Sunday 2 February 2014

Long time no Duck

I have not written for almost two weeks. It's not because I have lost the motivation to write and its not because Ducks problems have suddenly disappeared but its because I have been to angry to write anything that could be in any way constructive. As it is I am still too angry but the whole point of the blog is to focus on Duck, the possibility of PDA type autism and the fight I have to get the right support for her. Its not just about Duck, its about all the children who are suffering at the lack of support from our mental health services. Time and time again I am hearing about people who have been on waiting lists for almost a year for basic services like occupational therapy. We are now on the list and I have been told its a maximum 18 week wait. We shall see. We also have an ADOS coming up. That's the basic autism assessment. Sadly its known to repeatedly fail to pick up on the subtle autistic traits of a PDA child. I am not holding my breath over the results. Indeed, I have Duck booked in for some other, more suitable tests through a private clinic.
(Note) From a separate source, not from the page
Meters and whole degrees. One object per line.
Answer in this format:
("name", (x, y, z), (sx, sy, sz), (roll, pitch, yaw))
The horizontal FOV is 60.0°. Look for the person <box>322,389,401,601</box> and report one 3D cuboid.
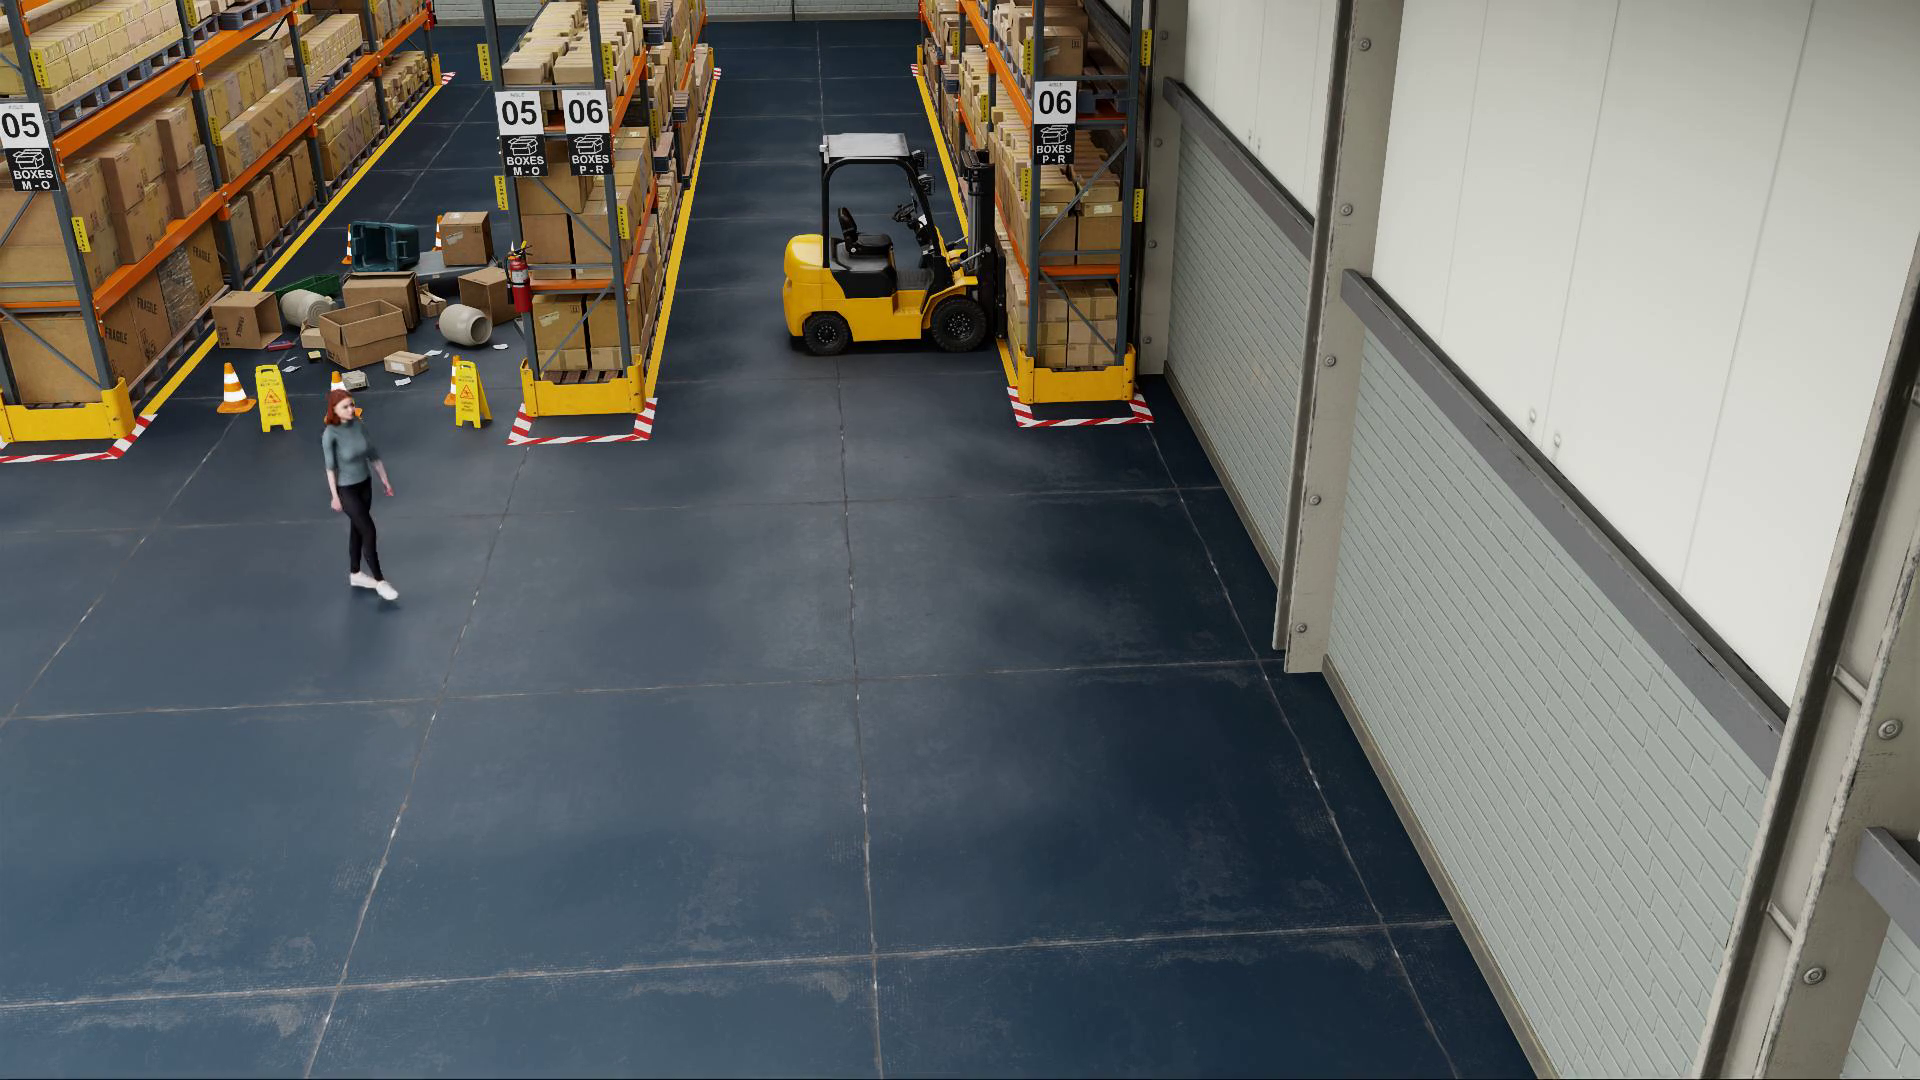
("person", (-4.809, -0.386, 13.053), (0.856, 1.725, 0.853), (10, 29, 19))

I am not prepared to sit back and watch Duck suffer any longer at the hands of services who don't listen. 

Duck hasn't been going to school well at all over the last couple of weeks. She hasn't been going to bed well either. Life with Duck has been a constant battle. I have regularly had to dress her like a baby, put her coat on her and carry her to the car, a sobbing mess. I have lost count of the physical attacks, punches, kicks and headbutting. I cannot remember how many times she has screamed that she isn't going to school, that she hates me for making her go and how I am the worst mummy in the world for strapping her safely in the car to drive her there.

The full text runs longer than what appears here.